Home > Books > Archangel's Light (Guild Hunter #14)(107)

Archangel's Light (Guild Hunter #14)(107)

Author:Nalini Singh

“I whispered to them from the chains, said things like Mother used to say. I put worms in their heads until they were mine.” His head jerked toward Aodhan, though Aodhan had done nothing to attract his attention. “The sunbright one,” he whispered. “That’s what Mother called you. She wanted your wings.” Hard, envious eyes drilling into Illium now. “And yours. Pretty wings.”

Looking sideways, he fingered his own limp and faded feathers. “Ugly.” A spitted-out word.

“They’ll heal.” Aodhan’s voice was grit. “You are an immortal.”

“I am a god,” the boy said in the way of someone saying their hair was black or their eyes were brown. As if, to him, it was simple fact. “I am Mother’s son.”

“Where are your worshippers?”

A shrug. “I wanted to see what wearing their skins felt like.”

“Didn’t they fight?”

The boy frowned. “I was their god. They cut each other’s heads off for me. The last one knelt down so I could behead him.” He flexed his hands. “It took a long time. I’m weak.”

No one, no matter how loyal, would kneel without protest for such torture if they weren’t being controlled in some way.

Worms in their heads.

The boy’s features altered in front of Illium even as the eerie statement reverberated in his mind. “Quon shouldn’t have done that,” Jinhai whispered. “We were all alone after that.” Rubbing at his belly. “After a while, I couldn’t find anything to eat. I went back to my hole, but there was no food there, either, so I went back out.”

“Why didn’t you come toward the other angels in the area?” Illium knew the boy had to have spotted angels flying this way and that from the stronghold.

“Mother said,” he whispered. “Mother said I wasn’t to be seen. I was her secret. Her special secret.” A bright and horribly innocent smile. “I was to be her new skin, her new life.”

She was mad, so mad, Aodhan said. Why did we not see it until of late?

Because she was also very old and very clever. Her insanity had also been the kind of affliction that could look like nothing more than megalomania, or a hunger for power. Both of which were acceptable in the angelic world. “What will you do now?” he asked the son she’d doomed to the same madness. “And what will Quon do?”

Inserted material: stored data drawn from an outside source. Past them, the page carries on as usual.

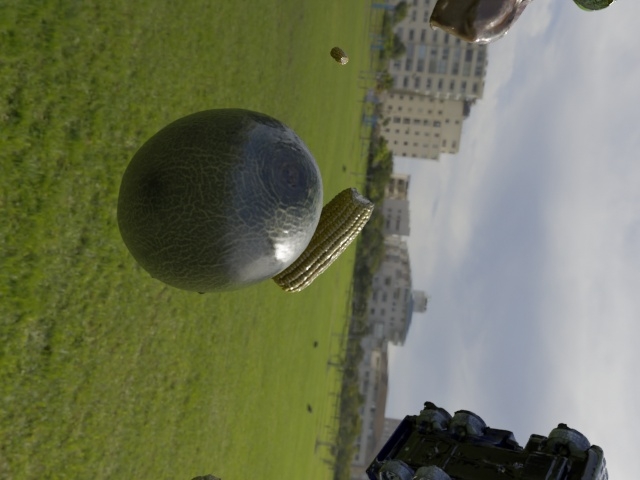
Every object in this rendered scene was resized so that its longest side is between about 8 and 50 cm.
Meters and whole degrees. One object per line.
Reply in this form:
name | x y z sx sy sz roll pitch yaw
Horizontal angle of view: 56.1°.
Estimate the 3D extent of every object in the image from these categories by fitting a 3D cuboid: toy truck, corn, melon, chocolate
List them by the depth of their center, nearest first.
toy truck | 0.203 0.302 0.715 0.124 0.268 0.155 -40 114 -39
chocolate | 0.247 -0.351 0.793 0.148 0.093 0.214 -24 153 -55
melon | -0.140 -0.046 0.796 0.237 0.302 0.237 14 69 -42
corn | 0.000 0.000 1.612 0.344 0.131 0.131 -46 -172 18
corn | 0.052 -0.514 1.669 0.092 0.037 0.037 -116 -156 -53

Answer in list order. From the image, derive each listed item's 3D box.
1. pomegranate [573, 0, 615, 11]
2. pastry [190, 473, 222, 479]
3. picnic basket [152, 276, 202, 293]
pomegranate | 0.718 -0.674 1.532 0.122 0.143 0.169 -25 157 -49
pastry | -0.262 0.627 1.338 0.192 0.093 0.182 112 -15 -51
picnic basket | -0.314 -0.034 1.253 0.297 0.129 0.222 47 -55 44
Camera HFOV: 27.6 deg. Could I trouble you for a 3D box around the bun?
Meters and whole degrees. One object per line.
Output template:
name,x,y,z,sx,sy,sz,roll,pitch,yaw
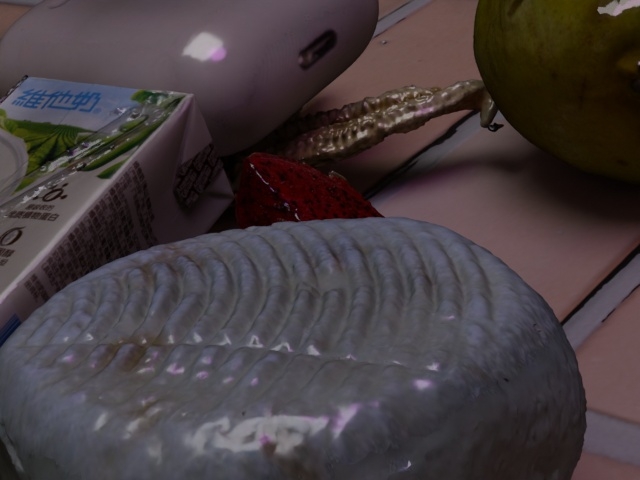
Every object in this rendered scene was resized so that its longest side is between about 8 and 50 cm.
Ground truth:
bun,-0.024,0.113,0.769,0.355,0.194,0.354,-5,19,2

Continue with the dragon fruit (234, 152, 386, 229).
dragon fruit,0.000,0.000,1.105,0.162,0.083,0.106,43,35,20

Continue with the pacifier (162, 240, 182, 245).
pacifier,-0.081,0.047,0.995,0.150,0.116,0.126,26,58,6

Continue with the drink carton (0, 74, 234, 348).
drink carton,-0.243,0.013,1.063,0.194,0.132,0.324,10,47,30

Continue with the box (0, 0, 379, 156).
box,-0.134,-0.195,1.281,0.349,0.141,0.289,11,42,39

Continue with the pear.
pear,0.268,-0.179,1.137,0.269,0.269,0.321,-4,16,16

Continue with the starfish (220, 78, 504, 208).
starfish,-0.064,-0.114,1.319,0.432,0.082,0.324,-23,28,-3
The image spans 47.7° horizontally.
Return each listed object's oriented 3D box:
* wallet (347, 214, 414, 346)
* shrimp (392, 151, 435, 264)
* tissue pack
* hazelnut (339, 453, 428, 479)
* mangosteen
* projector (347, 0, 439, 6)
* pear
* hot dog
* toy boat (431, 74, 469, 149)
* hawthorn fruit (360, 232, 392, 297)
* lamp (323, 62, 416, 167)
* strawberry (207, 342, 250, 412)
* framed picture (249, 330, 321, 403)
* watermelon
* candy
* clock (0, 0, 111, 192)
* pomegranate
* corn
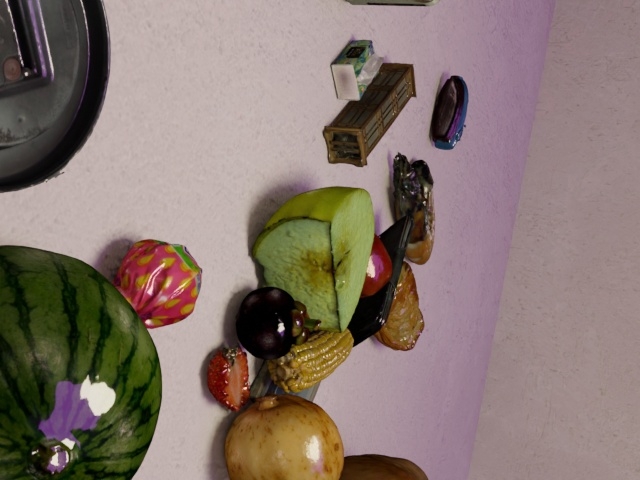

A lost look. “Quon says he will be a god like Mother. He says I can stay with him. But he will be the god.”

Illium nodded, as if everything about their conversation was rational. “Will you stay here with us for the time being?”

“Yes.” Jinhai’s expression brightened. “Mother said you were strong. The sunbright angel and the bluebell angel. She would have you in her court. Quon says you can serve him now.” He looked out at the snow. “And it’s cold outside. It’s warm here. Quon likes it here, too. Quon says we can stay.”

* * *

*

“I have to tell Suyin first,” Aodhan said to Illium when the two of them moved into the hallway to discuss what to do next.

Illium scowled. “I’m not about to keep this from Raphael.”

“I wouldn’t ask you to—but beyond it being my duty as her second, it’s a thing of respect to go to her first. This is her territory, and sadly, this is her family.”

Illium folded his arms, but he didn’t have any good arguments to the contrary. It wasn’t as if Lijuan’s son posed any direct threat to New York. He was, however, a very real threat to China. “You have reception?”

Taking out his phone, Aodhan glanced at it. “Yes.”

While he remained in the hallway to make the call, Illium returned to the warmth of the room that held a boy whose mind had split in two. He’d heard of this type of mental wound, but had believed it to be a far less defined division—a blurring of personalities or a veil falling over the person’s mind, as had happened with his mother.

But this was nothing akin to that.

To all intents and purposes, Jinhai and Quon were two different people.

Having spotted an old game set on a bookshelf in the room, he grabbed it, set up the board on the low table in front of the fire. “A game?”

Jinhai jumped at the invitation.

He knew the game very well. It was one taught to most angelic children, to help them with their mathematical prowess. Partway through, he said, “I won’t wear your skin,” and his voice had shifted again, as if his mind couldn’t settle. “I don’t want to be all alone again.”